>>>>>

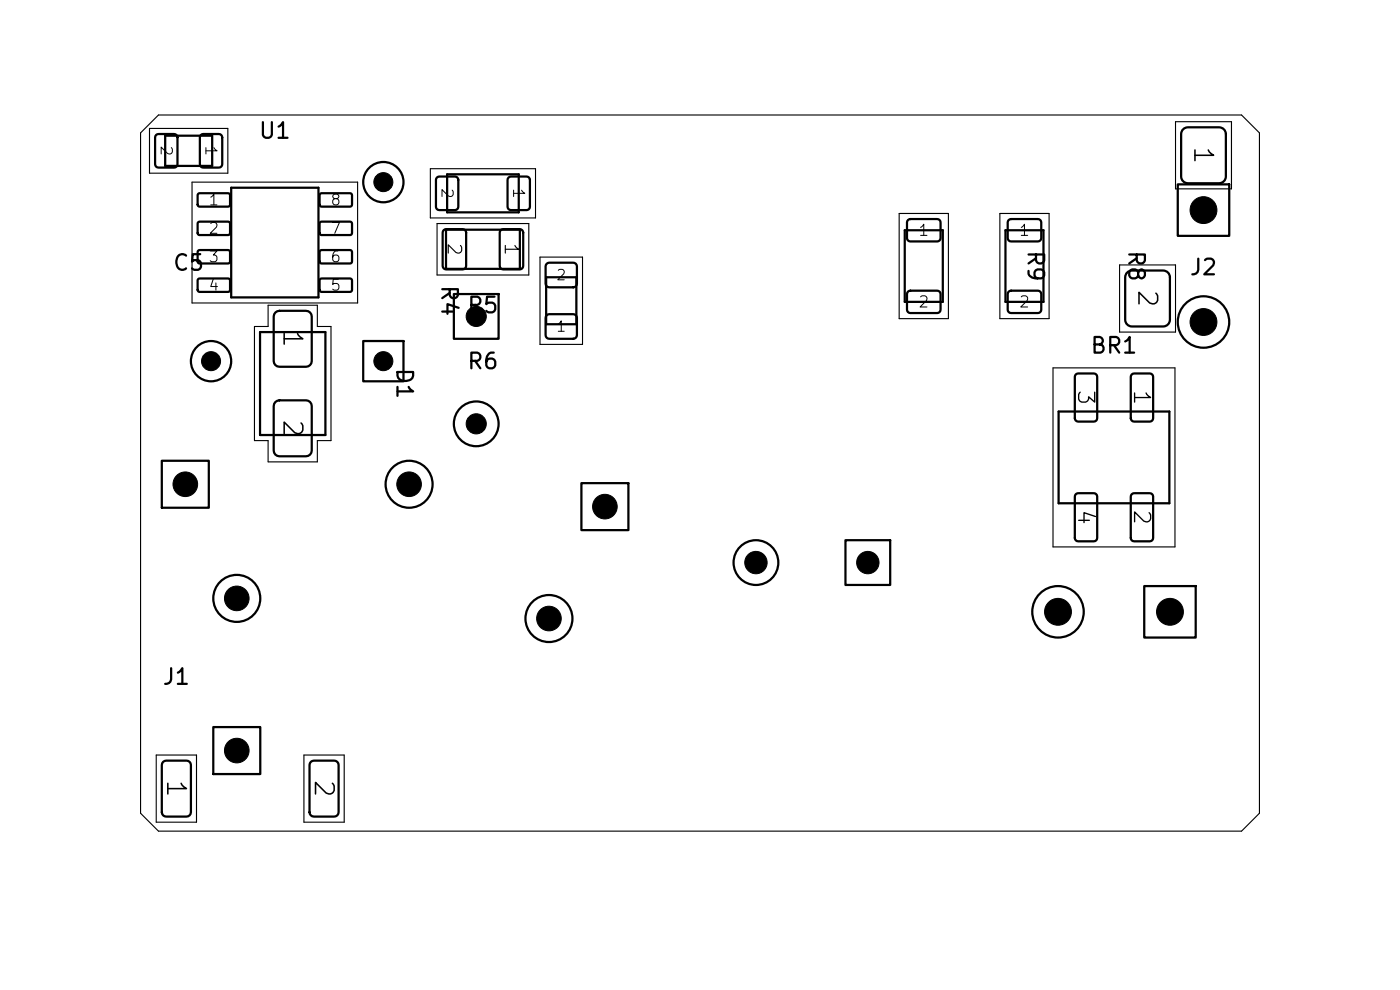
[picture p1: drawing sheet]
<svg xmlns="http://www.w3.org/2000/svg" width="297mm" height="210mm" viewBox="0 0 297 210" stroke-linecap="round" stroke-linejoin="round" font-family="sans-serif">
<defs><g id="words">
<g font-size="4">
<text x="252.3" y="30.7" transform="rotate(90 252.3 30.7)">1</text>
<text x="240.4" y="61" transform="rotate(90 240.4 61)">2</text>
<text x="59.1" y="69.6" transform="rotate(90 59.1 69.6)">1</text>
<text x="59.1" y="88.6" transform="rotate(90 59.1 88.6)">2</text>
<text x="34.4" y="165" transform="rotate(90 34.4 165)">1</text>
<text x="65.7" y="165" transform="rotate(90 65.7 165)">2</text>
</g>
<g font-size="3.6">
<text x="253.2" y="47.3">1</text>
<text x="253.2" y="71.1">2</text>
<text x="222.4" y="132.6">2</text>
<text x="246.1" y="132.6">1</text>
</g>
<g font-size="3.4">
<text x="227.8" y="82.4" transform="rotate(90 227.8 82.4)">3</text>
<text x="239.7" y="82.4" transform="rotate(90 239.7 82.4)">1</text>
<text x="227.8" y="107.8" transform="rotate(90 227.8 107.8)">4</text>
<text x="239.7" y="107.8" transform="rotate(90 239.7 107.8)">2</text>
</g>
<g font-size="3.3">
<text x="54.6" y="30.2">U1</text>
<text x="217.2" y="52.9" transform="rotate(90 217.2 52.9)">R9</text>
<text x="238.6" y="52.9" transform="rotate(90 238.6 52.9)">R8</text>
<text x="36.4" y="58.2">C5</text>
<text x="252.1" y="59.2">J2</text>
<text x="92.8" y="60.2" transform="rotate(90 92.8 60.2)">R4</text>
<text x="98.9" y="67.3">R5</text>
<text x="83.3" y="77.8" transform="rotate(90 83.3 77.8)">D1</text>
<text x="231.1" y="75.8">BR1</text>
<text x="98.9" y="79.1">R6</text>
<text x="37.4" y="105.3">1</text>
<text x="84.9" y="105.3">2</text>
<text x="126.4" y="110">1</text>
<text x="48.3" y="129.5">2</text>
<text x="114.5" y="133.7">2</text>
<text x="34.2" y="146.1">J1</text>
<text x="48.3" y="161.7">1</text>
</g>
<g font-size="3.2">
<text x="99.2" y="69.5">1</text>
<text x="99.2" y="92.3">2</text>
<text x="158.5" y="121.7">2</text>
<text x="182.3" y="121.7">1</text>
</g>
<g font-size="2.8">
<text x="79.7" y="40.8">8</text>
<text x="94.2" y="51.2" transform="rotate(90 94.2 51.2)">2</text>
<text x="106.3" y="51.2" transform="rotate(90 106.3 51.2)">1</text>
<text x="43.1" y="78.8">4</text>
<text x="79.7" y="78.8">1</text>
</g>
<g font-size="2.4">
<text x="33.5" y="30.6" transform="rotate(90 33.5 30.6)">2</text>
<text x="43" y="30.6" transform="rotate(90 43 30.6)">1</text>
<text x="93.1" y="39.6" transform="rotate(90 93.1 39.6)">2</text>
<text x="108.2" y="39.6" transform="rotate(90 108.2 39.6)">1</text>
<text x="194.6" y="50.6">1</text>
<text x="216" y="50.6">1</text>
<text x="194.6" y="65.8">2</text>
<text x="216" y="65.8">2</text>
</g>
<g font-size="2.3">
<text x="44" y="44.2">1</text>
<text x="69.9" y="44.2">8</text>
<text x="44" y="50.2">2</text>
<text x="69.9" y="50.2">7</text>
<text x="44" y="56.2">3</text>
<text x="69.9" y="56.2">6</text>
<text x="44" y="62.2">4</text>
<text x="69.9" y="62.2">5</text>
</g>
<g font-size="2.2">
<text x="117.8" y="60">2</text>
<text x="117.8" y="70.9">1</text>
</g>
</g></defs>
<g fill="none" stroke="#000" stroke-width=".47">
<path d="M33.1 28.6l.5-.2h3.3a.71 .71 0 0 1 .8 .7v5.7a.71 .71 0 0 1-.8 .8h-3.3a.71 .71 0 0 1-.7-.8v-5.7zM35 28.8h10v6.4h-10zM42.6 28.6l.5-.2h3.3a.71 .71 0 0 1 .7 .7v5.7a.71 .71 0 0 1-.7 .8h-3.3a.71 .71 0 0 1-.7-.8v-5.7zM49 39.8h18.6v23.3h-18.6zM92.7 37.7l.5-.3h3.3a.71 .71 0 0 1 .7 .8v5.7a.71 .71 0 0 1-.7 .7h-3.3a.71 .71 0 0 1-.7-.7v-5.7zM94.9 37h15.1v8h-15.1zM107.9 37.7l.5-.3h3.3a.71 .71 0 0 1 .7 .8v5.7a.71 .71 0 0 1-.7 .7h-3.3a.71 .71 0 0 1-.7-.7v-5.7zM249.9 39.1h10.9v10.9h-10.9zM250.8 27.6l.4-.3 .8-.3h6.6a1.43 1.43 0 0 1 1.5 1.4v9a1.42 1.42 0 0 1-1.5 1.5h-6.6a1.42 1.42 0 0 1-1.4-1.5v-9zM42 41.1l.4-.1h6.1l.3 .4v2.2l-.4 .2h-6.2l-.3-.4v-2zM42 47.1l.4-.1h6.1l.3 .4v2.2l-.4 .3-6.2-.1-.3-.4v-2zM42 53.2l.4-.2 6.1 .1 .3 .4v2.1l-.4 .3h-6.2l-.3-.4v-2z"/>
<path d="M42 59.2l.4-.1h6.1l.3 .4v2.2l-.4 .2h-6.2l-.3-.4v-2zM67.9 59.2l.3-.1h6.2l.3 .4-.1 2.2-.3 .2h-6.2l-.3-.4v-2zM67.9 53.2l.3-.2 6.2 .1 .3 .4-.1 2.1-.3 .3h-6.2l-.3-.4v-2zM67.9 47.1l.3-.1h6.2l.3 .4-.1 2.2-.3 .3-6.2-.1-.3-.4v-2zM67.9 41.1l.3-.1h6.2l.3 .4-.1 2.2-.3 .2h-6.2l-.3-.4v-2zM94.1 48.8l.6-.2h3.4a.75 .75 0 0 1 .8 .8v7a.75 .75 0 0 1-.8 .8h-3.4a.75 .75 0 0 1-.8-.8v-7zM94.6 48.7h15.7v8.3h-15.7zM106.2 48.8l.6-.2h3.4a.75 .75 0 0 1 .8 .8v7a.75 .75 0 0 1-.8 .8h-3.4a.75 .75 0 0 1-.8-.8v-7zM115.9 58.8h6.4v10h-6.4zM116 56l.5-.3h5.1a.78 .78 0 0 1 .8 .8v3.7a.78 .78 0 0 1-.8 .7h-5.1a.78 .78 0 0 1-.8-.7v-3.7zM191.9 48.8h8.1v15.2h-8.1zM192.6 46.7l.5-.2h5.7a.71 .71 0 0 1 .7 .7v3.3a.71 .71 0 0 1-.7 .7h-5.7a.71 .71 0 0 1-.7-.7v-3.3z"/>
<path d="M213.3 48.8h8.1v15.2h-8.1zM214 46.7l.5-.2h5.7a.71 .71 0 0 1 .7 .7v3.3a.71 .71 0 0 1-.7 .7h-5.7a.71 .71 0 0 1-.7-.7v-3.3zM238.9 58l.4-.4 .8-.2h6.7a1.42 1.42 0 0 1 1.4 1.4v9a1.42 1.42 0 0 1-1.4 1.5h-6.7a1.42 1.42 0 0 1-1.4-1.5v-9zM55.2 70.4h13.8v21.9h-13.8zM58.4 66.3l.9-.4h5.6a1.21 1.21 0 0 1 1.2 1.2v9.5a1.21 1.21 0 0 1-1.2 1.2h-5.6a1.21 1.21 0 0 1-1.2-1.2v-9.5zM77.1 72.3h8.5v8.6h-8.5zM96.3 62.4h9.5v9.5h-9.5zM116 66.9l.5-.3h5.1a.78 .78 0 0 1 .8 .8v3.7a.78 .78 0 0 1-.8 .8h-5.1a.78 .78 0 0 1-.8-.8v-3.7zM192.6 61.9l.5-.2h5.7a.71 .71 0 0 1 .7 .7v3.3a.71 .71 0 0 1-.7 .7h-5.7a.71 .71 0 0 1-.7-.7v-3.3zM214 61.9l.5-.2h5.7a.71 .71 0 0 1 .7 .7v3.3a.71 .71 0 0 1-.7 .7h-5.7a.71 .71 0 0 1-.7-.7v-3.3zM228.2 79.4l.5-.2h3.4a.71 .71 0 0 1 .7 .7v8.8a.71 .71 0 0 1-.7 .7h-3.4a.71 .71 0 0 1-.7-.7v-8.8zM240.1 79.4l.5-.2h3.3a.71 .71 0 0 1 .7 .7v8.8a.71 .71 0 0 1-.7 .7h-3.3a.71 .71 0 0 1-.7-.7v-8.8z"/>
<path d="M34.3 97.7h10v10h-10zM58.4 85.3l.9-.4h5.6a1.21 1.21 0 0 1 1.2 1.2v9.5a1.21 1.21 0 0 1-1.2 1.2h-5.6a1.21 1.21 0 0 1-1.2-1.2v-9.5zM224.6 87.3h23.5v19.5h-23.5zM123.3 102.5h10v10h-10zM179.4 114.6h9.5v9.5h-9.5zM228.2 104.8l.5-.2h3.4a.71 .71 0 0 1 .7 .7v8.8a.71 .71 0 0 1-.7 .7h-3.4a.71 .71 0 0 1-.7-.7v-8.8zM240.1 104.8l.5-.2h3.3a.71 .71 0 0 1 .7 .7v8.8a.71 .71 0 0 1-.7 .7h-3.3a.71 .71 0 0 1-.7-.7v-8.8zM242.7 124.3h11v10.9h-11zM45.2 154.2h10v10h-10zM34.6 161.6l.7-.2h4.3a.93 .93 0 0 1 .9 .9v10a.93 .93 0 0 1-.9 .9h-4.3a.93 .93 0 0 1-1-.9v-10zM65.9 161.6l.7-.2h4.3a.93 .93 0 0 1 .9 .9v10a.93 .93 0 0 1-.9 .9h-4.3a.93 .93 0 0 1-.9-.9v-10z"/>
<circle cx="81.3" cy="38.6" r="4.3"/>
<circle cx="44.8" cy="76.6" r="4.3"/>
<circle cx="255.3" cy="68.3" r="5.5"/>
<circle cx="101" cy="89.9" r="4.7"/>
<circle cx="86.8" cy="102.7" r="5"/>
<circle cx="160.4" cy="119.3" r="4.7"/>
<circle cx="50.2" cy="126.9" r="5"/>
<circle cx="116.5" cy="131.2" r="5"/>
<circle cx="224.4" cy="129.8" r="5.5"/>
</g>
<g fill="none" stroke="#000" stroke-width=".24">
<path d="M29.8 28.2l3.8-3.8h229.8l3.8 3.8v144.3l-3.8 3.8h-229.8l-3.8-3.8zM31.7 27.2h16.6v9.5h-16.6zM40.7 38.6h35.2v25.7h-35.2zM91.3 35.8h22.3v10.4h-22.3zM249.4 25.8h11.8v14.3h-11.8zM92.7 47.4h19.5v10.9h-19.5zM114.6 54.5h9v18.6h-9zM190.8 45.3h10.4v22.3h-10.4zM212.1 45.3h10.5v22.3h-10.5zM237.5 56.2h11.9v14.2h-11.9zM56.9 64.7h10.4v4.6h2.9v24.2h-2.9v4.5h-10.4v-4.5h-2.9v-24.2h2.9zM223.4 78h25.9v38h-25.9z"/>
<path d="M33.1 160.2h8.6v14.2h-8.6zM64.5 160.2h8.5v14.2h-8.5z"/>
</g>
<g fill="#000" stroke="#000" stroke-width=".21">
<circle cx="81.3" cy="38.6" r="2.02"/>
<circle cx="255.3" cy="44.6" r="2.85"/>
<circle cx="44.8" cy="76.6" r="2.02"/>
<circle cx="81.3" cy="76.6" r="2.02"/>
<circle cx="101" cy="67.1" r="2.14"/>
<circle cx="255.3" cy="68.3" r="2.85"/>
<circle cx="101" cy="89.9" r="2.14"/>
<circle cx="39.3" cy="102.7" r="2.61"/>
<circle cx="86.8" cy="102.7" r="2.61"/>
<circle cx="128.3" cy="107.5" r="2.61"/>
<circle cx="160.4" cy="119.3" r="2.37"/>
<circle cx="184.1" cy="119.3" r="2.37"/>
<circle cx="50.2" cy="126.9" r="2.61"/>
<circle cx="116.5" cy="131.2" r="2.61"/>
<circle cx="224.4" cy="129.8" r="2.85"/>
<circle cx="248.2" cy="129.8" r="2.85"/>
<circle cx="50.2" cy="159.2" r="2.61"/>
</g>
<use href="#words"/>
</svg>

<<<<<

(Exercise) Lines that contain "stroke" should be pulled from the entries above and reported.

(Exercise solution)
<svg xmlns="http://www.w3.org/2000/svg" width="297mm" height="210mm" viewBox="0 0 297 210" stroke-linecap="round" stroke-linejoin="round" font-family="sans-serif">
<g fill="none" stroke="#000" stroke-width=".47">
<g fill="none" stroke="#000" stroke-width=".24">
<g fill="#000" stroke="#000" stroke-width=".21">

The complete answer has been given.